**Information provided**.
-- Opening Marker --
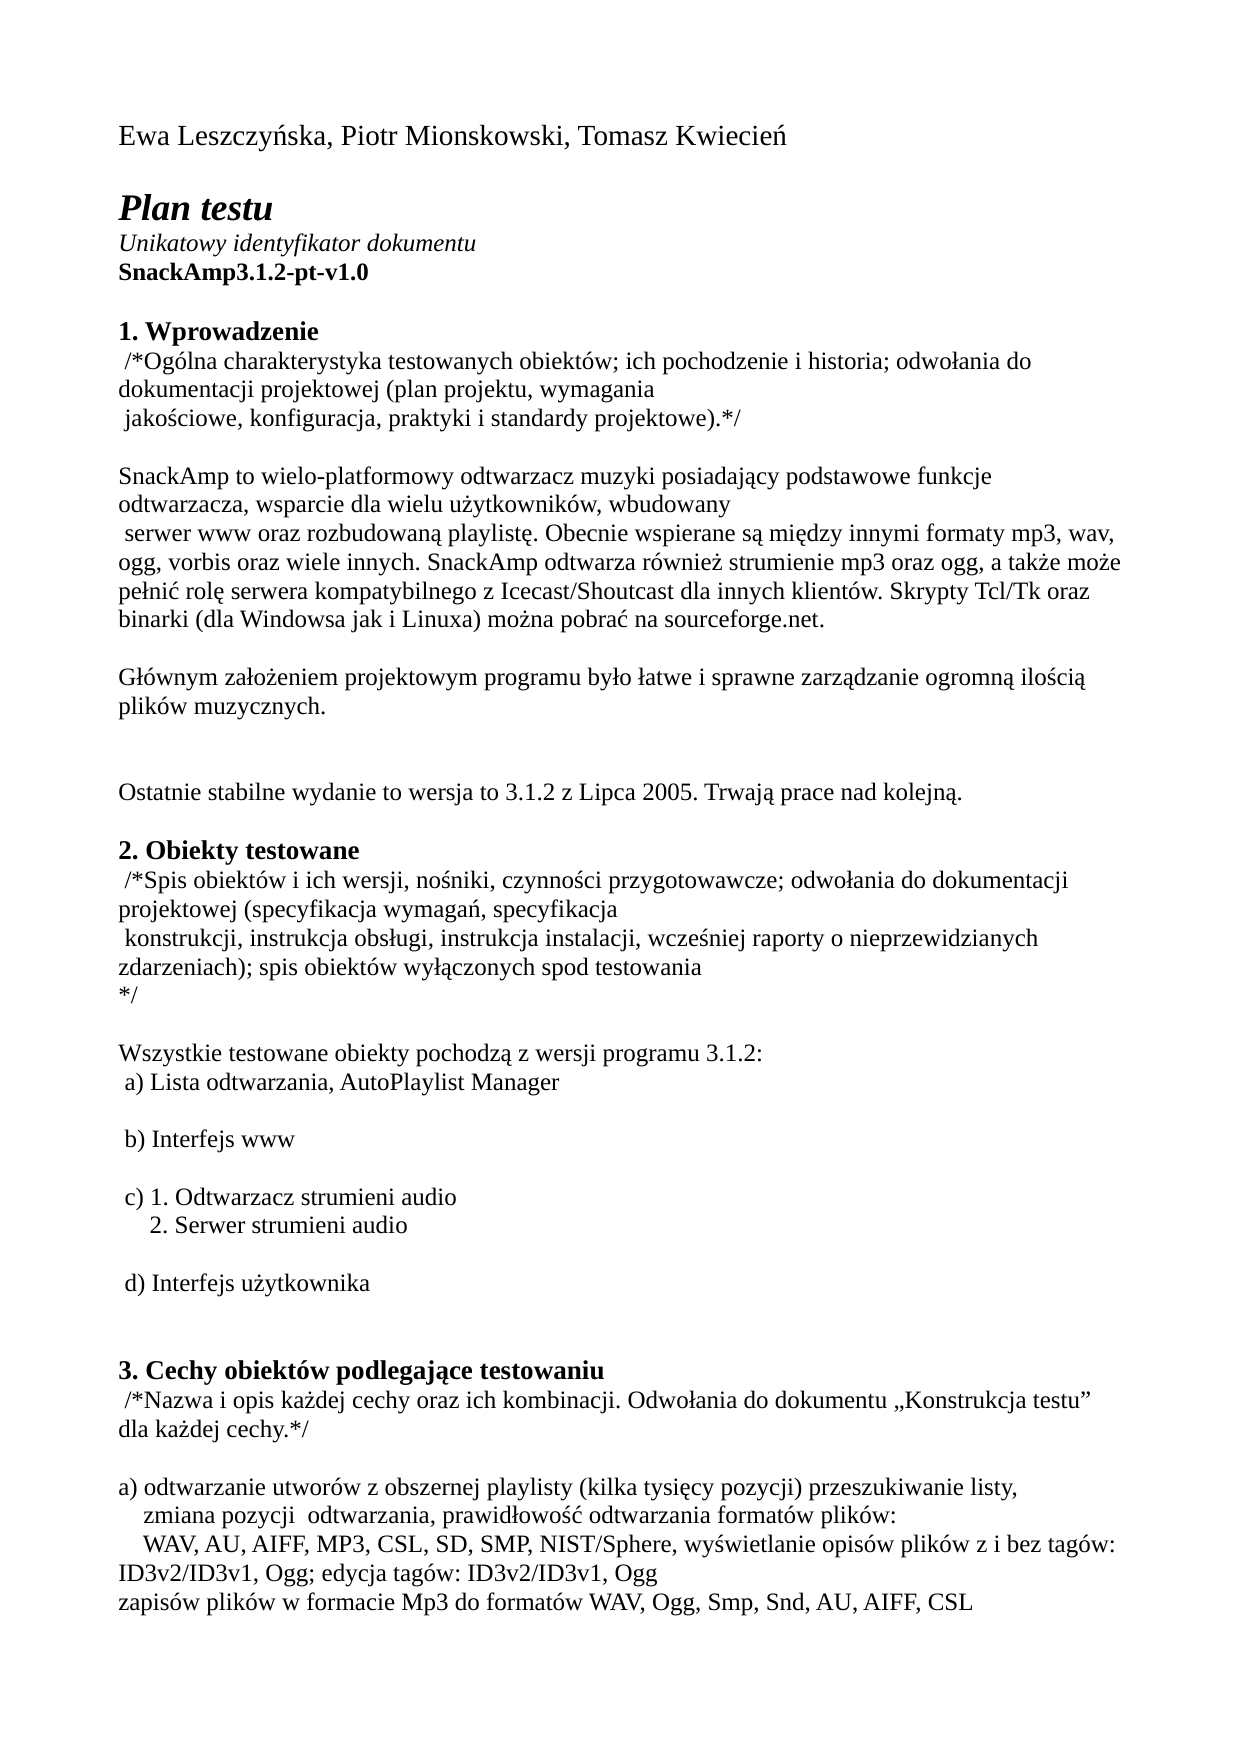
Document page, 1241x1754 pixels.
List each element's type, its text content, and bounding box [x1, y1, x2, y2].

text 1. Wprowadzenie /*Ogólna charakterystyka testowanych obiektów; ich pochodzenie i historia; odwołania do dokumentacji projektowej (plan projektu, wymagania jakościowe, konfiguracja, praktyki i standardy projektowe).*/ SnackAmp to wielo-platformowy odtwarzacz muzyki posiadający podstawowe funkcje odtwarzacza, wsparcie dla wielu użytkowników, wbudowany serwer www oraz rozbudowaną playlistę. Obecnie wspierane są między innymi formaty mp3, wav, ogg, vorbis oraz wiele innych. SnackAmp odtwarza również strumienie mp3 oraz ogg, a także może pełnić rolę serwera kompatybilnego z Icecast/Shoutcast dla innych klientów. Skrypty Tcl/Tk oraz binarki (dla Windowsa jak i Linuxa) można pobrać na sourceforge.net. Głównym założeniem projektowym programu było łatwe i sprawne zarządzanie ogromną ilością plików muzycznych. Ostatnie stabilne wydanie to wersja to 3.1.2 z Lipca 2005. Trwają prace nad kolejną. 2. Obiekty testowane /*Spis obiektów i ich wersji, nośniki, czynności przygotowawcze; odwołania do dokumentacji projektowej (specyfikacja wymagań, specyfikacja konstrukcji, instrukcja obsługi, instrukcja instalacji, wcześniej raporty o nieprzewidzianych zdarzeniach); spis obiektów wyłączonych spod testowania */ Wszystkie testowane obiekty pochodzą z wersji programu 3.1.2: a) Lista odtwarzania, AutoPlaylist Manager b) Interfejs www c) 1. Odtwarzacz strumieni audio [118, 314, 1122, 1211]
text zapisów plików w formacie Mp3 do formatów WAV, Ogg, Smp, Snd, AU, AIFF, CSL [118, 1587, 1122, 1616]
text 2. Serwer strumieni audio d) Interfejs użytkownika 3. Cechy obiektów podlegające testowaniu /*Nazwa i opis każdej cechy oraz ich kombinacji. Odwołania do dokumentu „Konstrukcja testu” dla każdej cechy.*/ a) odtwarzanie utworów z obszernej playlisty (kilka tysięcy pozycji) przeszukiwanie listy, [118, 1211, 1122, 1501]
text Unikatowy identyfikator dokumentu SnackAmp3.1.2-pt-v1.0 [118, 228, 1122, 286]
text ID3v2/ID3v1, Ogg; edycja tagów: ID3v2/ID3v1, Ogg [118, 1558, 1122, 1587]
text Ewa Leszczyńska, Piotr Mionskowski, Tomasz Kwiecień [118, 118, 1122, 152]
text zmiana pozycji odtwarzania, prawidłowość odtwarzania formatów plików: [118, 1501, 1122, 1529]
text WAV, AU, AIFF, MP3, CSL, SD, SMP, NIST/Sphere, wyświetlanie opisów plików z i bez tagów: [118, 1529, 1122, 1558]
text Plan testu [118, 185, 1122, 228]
-- Closing Marker --
-- Opening Marker --
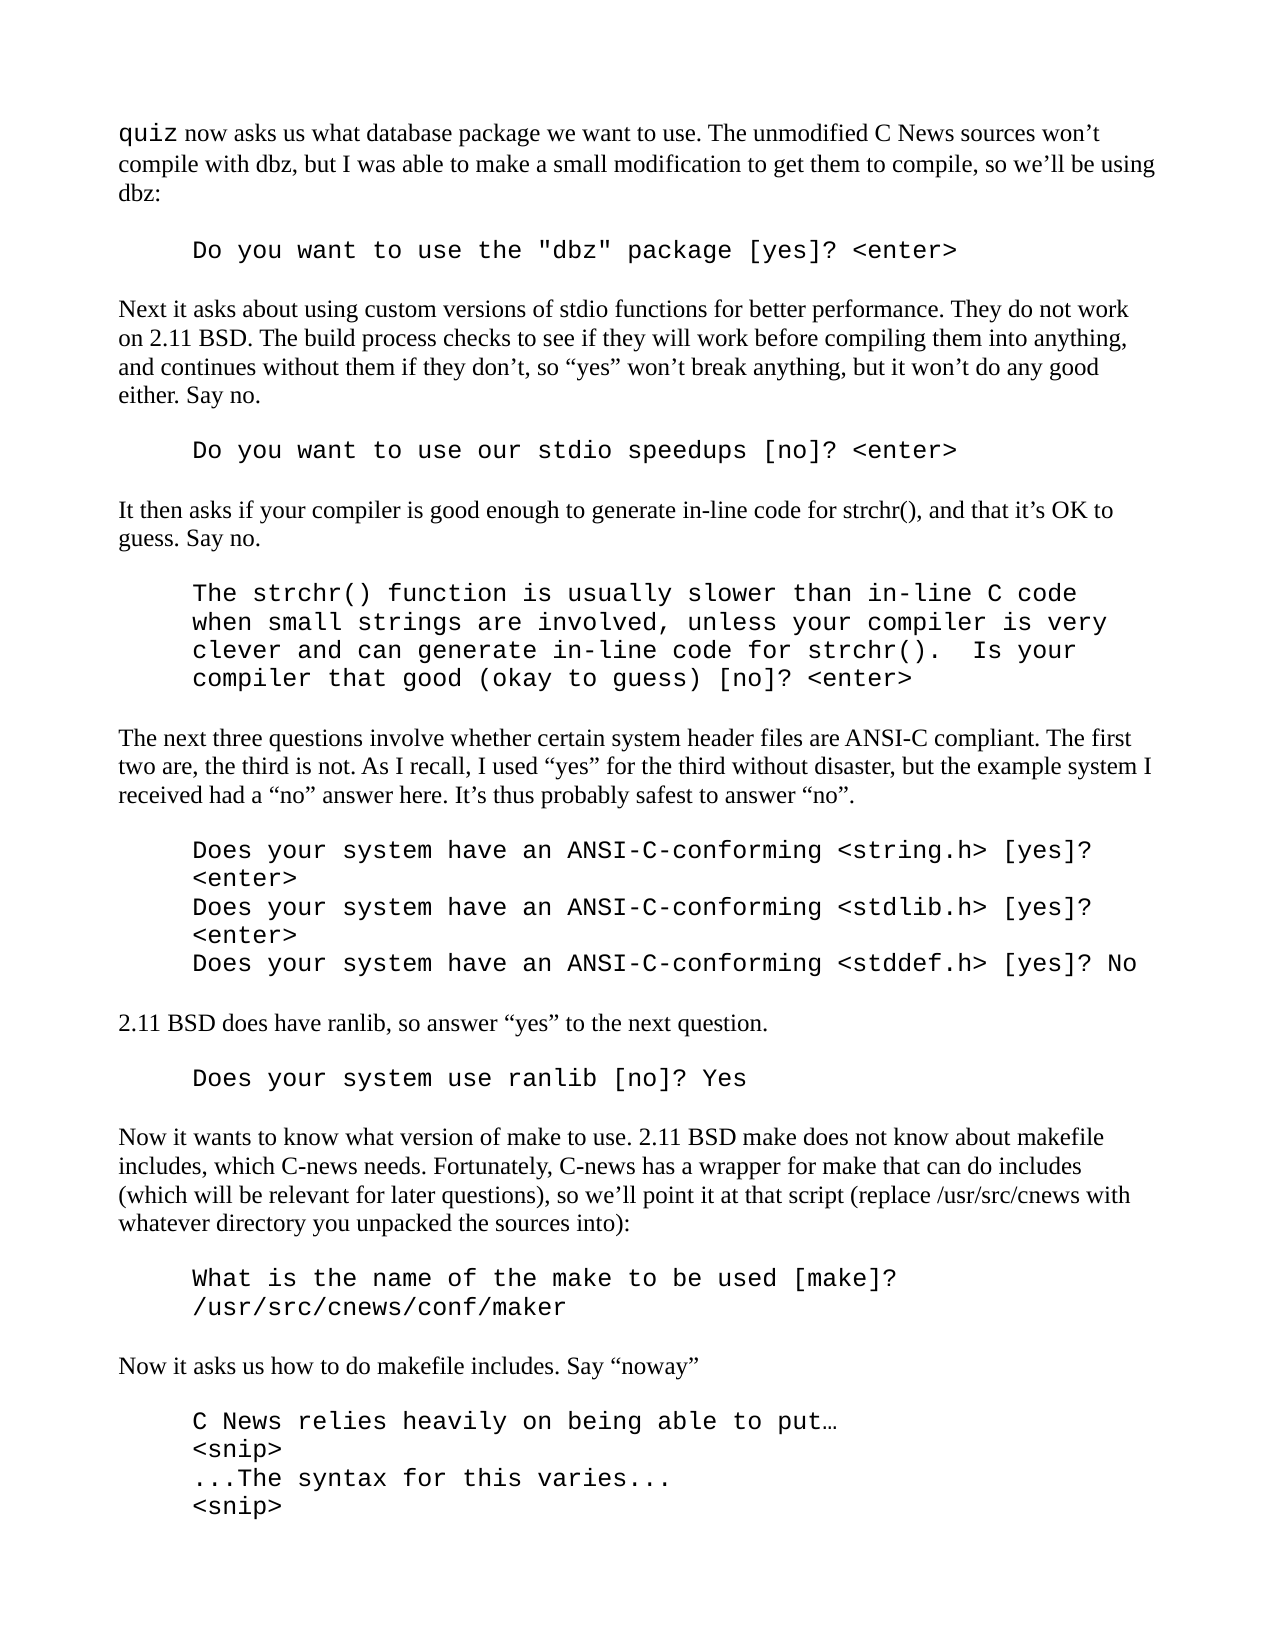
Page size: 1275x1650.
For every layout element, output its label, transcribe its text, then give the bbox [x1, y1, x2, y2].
-- Closing Marker --
-- Opening Marker --
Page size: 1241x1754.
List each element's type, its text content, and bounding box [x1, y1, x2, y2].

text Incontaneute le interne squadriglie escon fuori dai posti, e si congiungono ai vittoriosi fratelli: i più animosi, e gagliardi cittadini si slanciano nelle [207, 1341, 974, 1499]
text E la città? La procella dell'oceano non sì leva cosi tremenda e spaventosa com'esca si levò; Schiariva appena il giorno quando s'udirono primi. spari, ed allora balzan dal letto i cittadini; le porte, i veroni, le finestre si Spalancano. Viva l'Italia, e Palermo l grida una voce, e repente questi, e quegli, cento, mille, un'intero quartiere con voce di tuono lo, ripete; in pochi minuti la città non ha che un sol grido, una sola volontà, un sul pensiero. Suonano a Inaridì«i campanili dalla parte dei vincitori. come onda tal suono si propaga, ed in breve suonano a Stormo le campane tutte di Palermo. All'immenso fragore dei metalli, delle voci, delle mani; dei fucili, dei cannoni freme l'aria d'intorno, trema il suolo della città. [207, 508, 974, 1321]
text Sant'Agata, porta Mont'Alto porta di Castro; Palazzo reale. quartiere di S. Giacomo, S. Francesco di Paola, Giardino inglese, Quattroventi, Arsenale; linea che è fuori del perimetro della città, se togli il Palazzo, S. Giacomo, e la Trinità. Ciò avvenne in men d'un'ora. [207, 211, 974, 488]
-- Closing Marker --
**What is expected**.
Give the number of lines in the listing that hold the string "size", and supply nothing further.

**Response for this exercise**.
2